[[ RECORDS SUPPLIED open ]]
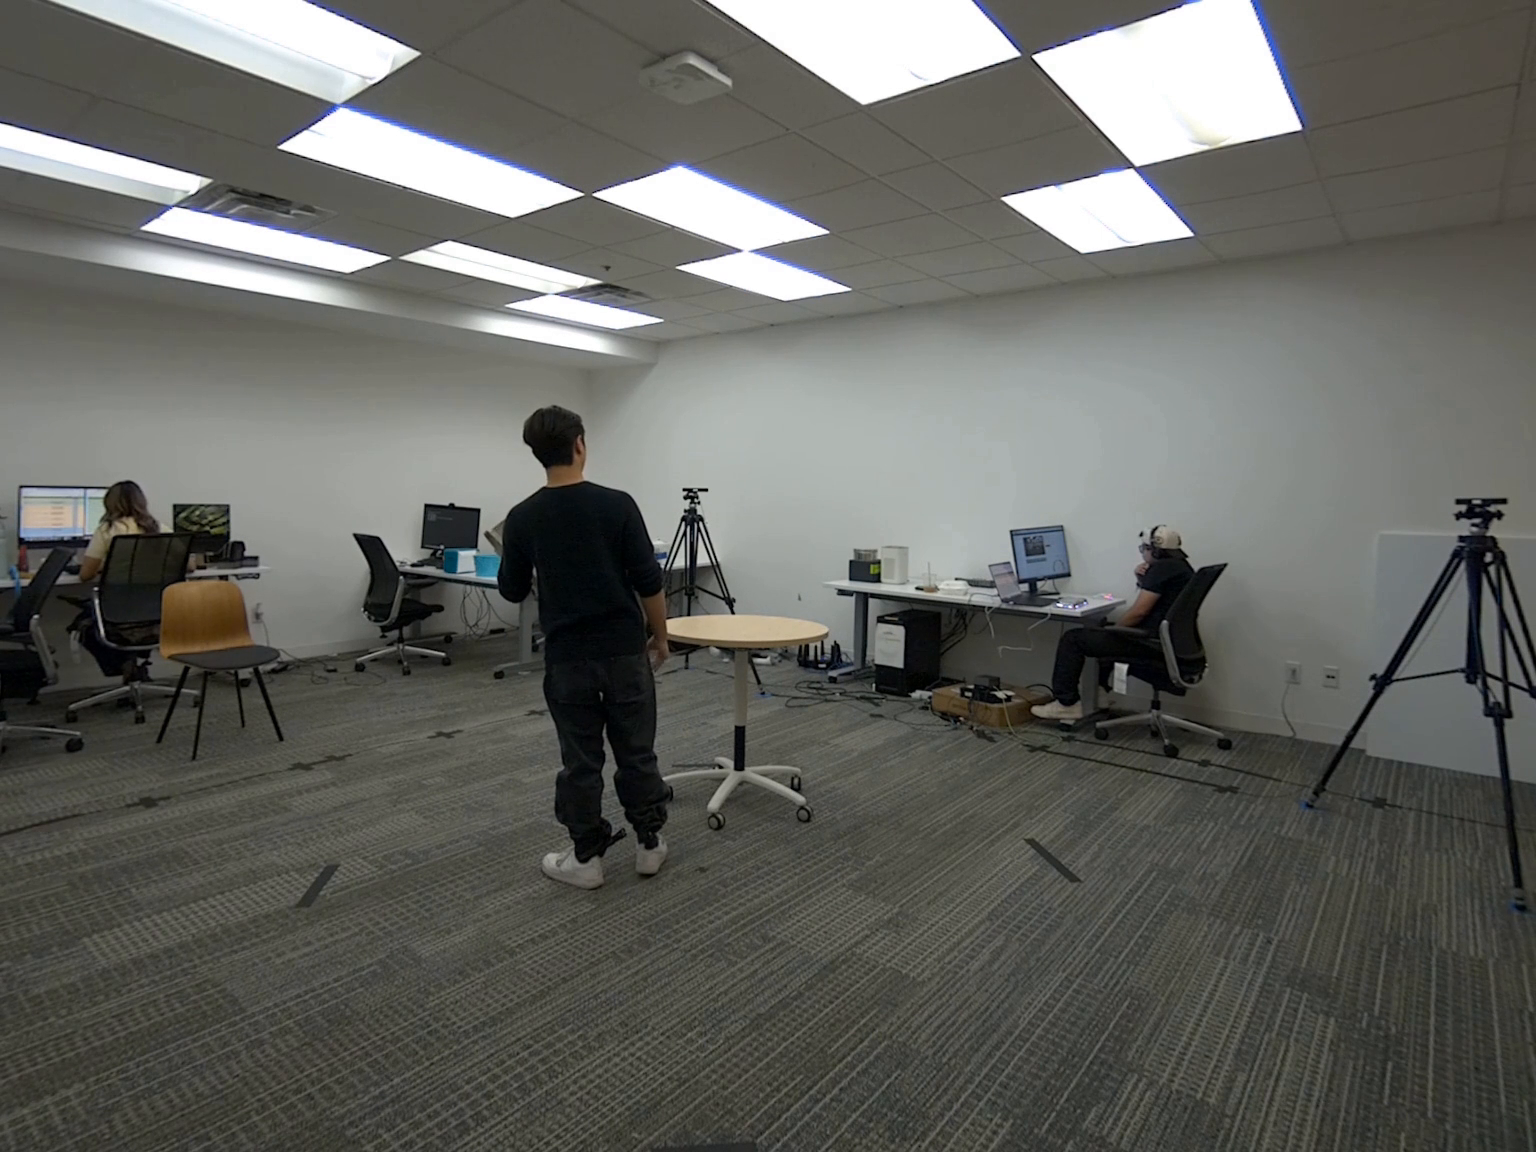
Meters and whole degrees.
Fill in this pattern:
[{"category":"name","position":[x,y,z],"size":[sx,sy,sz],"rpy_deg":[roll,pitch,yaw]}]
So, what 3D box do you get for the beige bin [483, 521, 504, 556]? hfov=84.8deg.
[{"category":"beige bin","position":[-0.882,-0.179,3.484],"size":[0.421,0.382,0.187],"rpy_deg":[-45,-8,-26]}]
[[ RECORDS SUPPLIED closed ]]
_TASK DETAILS_
Starting at the line that contains "Fill in this", print every line through the last one of the records, exactly and with nothing else.

_TASK SOLUTION_
Fill in this pattern:
[{"category":"name","position":[x,y,z],"size":[sx,sy,sz],"rpy_deg":[roll,pitch,yaw]}]
So, what 3D box do you get for the beige bin [483, 521, 504, 556]? hfov=84.8deg.
[{"category":"beige bin","position":[-0.882,-0.179,3.484],"size":[0.421,0.382,0.187],"rpy_deg":[-45,-8,-26]}]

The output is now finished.